Allah, ilk insan Âdem (a.s.)'i
topraktan ve o bir nefisten eşini yaratmıştır (4/Nisâ, 1). Havvâ'sız Âdem
eksiktir; Âdem'siz Havvâ'nın eksik olduğu gibi. Erkekle kadın birbirlerinin
eksiklerini tamamlayan bir elmanın iki yarısı gibidirler. "Onlar (hanımlar)
sizin için bir elbise; siz de onlar için bir elbisesiniz." (2/Bakara, 187).
Elbise, hem ayıplarımızı kapatan, bizi zarar verecek dış etkenlerden koruyan bir
sığınak, hem de hoşa giden bir süs olduğu gibi, takvâ ile de ilişkilidir (Bkz.
7/A'râf, 26). Demek ki, kocası olmayan kadın çıplak olduğu gibi, karısı olmayan
adam da çıplaktır.
Gözlerin benzerini görmediği,
gönüllerin hayal bile edemediği ırmaklara, köşklere, her çeşit rızıklara sahip
olan cennette bile Hz. Âdem, Havvâ vâlidemizle huzur buluyor; Havvâ annemiz de
Hz. Âdem'de mutluluğu yakalıyor. Rûm suresi 21. âyeti böylece tecellî ediyor.
İkisinin huzurundan rahatsız olan şeytan, onların çıplak olması için bütün
planlarını kuruyor ve cennetten çıkarılmalarına sebep oluyor. Ama Hz.

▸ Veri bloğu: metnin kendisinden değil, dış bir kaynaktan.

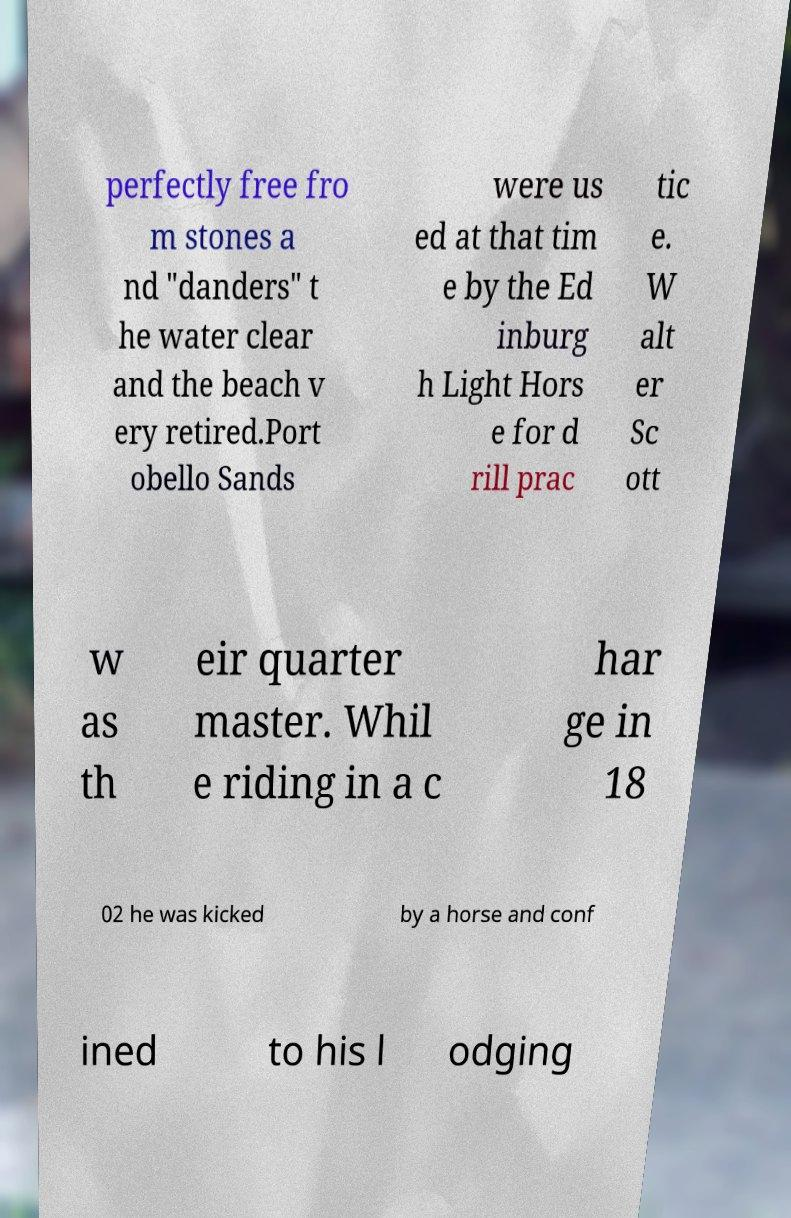Please read and relay the text visible in this image. What does it say? perfectly free fro m stones a nd "danders" t he water clear and the beach v ery retired.Port obello Sands were us ed at that tim e by the Ed inburg h Light Hors e for d rill prac tic e. W alt er Sc ott w as th eir quarter master. Whil e riding in a c har ge in 18 02 he was kicked by a horse and conf ined to his l odging 
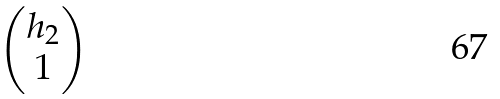Convert formula to latex. <formula><loc_0><loc_0><loc_500><loc_500>\begin{pmatrix} h _ { 2 } \\ 1 \end{pmatrix}</formula>

Âdem'le
Havvâ anamız bu dünya evinde birlikte Rablerine yönelip af talebinde
bulunuyorlar, örtünüyorlar ve Allah da onları affediyor. "Ey Adem oğulları!
Şeytan, ana babanızı, ayıp yerlerini kendilerine göstermek için elbiselerini
soyarak cennetten çıkardığı gibi sizi de aldatmasın." (7/A'râf, 27)
İzzetine, iffetine, şeref ve
namusuna düşkün müslüman kızlarımızın bu erdemi bazı iki ayaklı şeytanların
gözüne batıyor. Hanımların dişiliğiyle değil; kişiliğiyle toplumda yer alma
isteklerine karşı kırmızı başörtüsü görmüş boğa gibi saldıracak yer arıyorlar.
Özellikle İmam-Hatip'te, Üniversitede okuyan ve okumak isteyen müslüman kızın
dünya-âhiret tercihi ve cihadı da başörtüsü bayrağında düğümleniyor.